Not everything that happens to us each day causes us to “rejoice”. There are situations that arise, events that take place, circumstances that occur that we can’t rejoice over. Today we might get a bad report from the doctor- that is nothing to rejoice over. Our teenage daughter might tell us she is pregnant out of wedlock- we can’t rejoice over that. We might find out our spouse has been cheating on us- no one can rejoice over that. The boss might give us the pink slip and tell us to pack up our things we no longer work for them- that is not something we can rejoice over either.

The scripture doesn’t tell us to rejoice about the bad things that come our way. It doesn’t mean we are to rejoice because some bad or evil thing happened. The rejoicing that it is talking about is in the Lord. In the Book of Philippians we are told to, “Rejoice in the Lord always”, and it is even repeated, “And again I say, rejoice”. The rejoicing is not in the thing that happened but in the Lord.
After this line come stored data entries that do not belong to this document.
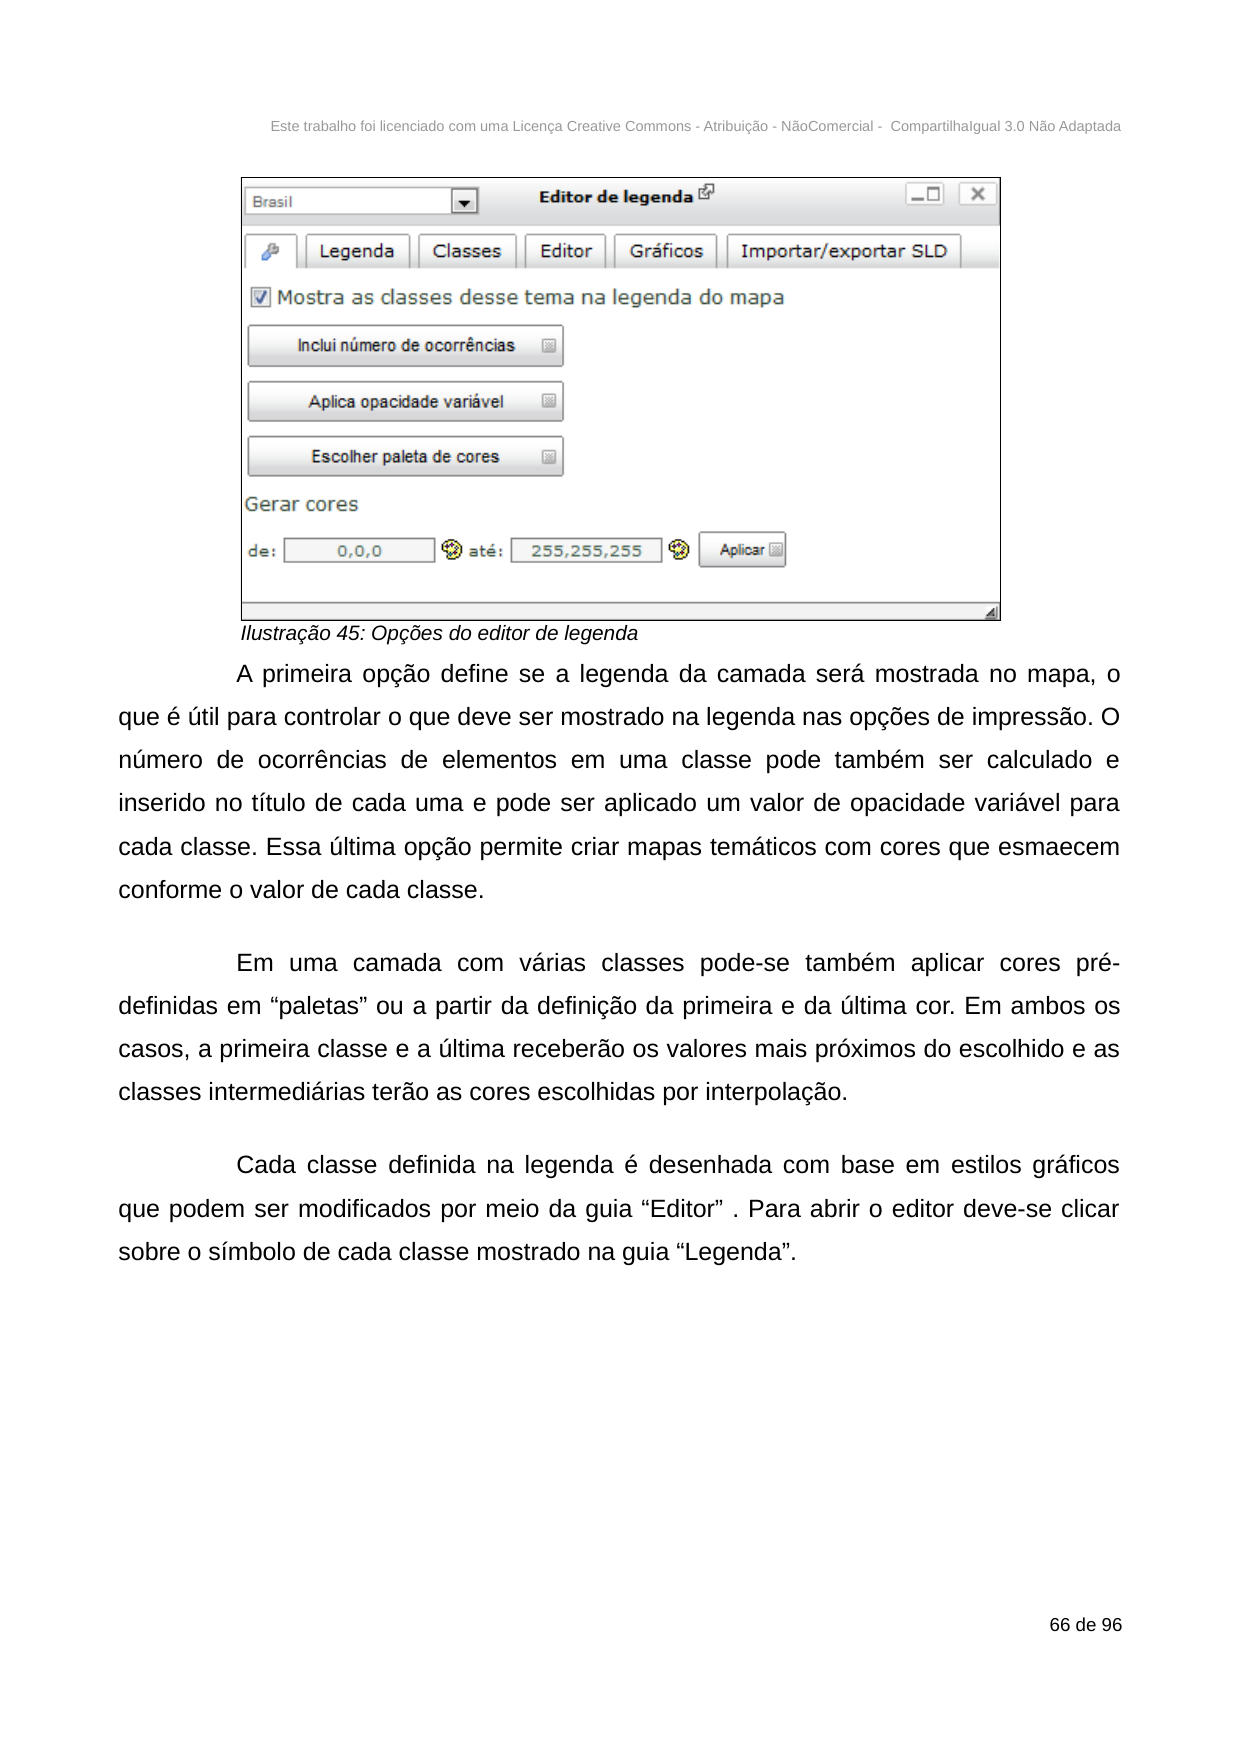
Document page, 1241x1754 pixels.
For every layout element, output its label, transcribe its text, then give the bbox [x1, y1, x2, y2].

text Em uma camada com várias classes pode-se também aplicar cores pré-definidas em “paletas” ou a partir da definição da primeira e da última cor. Em ambos os casos, a primeira classe e a última receberão os valores mais próximos do escolhido e as classes intermediárias terão as cores escolhidas por interpolação. [118, 948, 1122, 1106]
text Ilustração 45: Opções do editor de legenda [240, 621, 1000, 644]
text Cada classe definida na legenda é desenhada com base em estilos gráficos que podem ser modificados por meio da guia “Editor” . Para abrir o editor deve-se clicar sobre o símbolo de cada classe mostrado na guia “Legenda”. [118, 1150, 1122, 1265]
picture [242, 178, 1000, 620]
text A primeira opção define se a legenda da camada será mostrada no mapa, o que é útil para controlar o que deve ser mostrado na legenda nas opções de impressão. O número de ocorrências de elementos em uma classe pode também ser calculado e inserido no título de cada uma e pode ser aplicado um valor de opacidade variável para cada classe. Essa última opção permite criar mapas temáticos com cores que esmaecem conforme o valor de cada classe. [118, 164, 1122, 903]
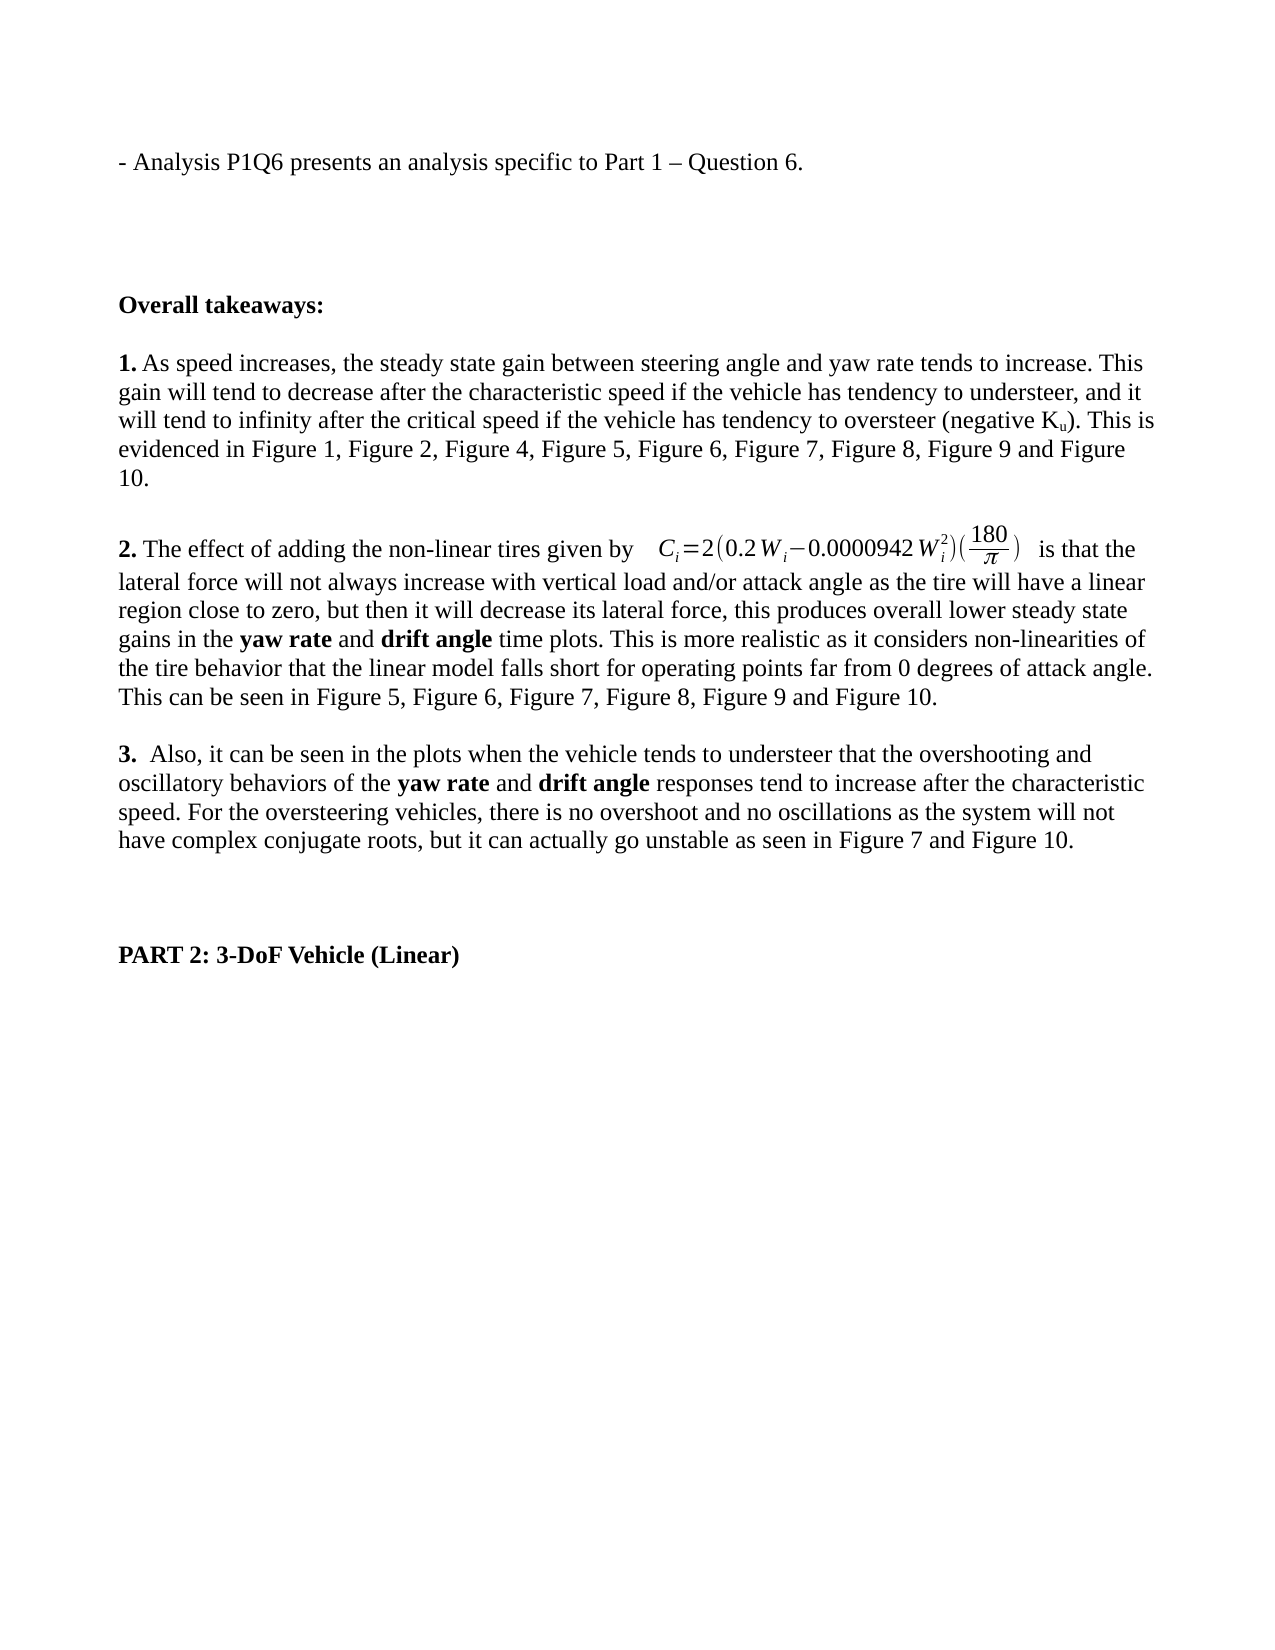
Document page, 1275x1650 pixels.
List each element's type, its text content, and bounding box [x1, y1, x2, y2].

text 2. The effect of adding the non-linear tires given by is that the lateral force will not always increase with vertical load and/or attack angle as the tire will have a linear region close to zero, but then it will decrease its lateral force, this produces overall lower steady state gains in the yaw rate and drift angle time plots. This is more realistic as it considers non-linearities of the tire behavior that the linear model falls short for operating points far from 0 degrees of attack angle. This can be seen in Figure 5, Figure 6, Figure 7, Figure 8, Figure 9 and Figure 10. [118, 521, 1157, 710]
text Overall takeaways: [118, 291, 1157, 319]
text 3. Also, it can be seen in the plots when the vehicle tends to understeer that the overshooting and oscillatory behaviors of the yaw rate and drift angle responses tend to increase after the characteristic speed. For the oversteering vehicles, there is no overshoot and no oscillations as the system will not have complex conjugate roots, but it can actually go unstable as seen in Figure 7 and Figure 10. [118, 739, 1157, 854]
text 1. As speed increases, the steady state gain between steering angle and yaw rate tends to increase. This gain will tend to decrease after the characteristic speed if the vehicle has tendency to understeer, and it will tend to infinity after the critical speed if the vehicle has tendency to oversteer (negative Ku). This is evidenced in Figure 1, Figure 2, Figure 4, Figure 5, Figure 6, Figure 7, Figure 8, Figure 9 and Figure 10. [118, 348, 1157, 492]
text PART 2: 3-DoF Vehicle (Linear) [118, 940, 1157, 969]
text - Analysis P1Q6 presents an analysis specific to Part 1 – Question 6. [118, 147, 1157, 176]

I will rejoice because even though this or that happened it can’t separate me from the love of God-He will continue to love me. I will rejoice because, even though it was bad, the Lord will make all things work together for my good. I will rejoice because even though some terrible thing has formed against me, the Lord will see to it that it does not prosper. I can’t rejoice when evil comes, but I can rejoice in the Lord who will deliver me from evil. I can’t rejoice about the battles that rage against me, but I can rejoice in the Lord because He fights my battles for me. I will rejoice in the fact that the Lord is still in control- not my circumstances. I will rejoice in the Lord because I know He sees what is happening and will not leave me nor forsake me but will make a way for me. While I can’t rejoice about a bad thing that may happen in my life today, I can rejoice in the Lord who does not change and who is with me always. Therefore, I will rejoice in the Lord today even when bad things come my way.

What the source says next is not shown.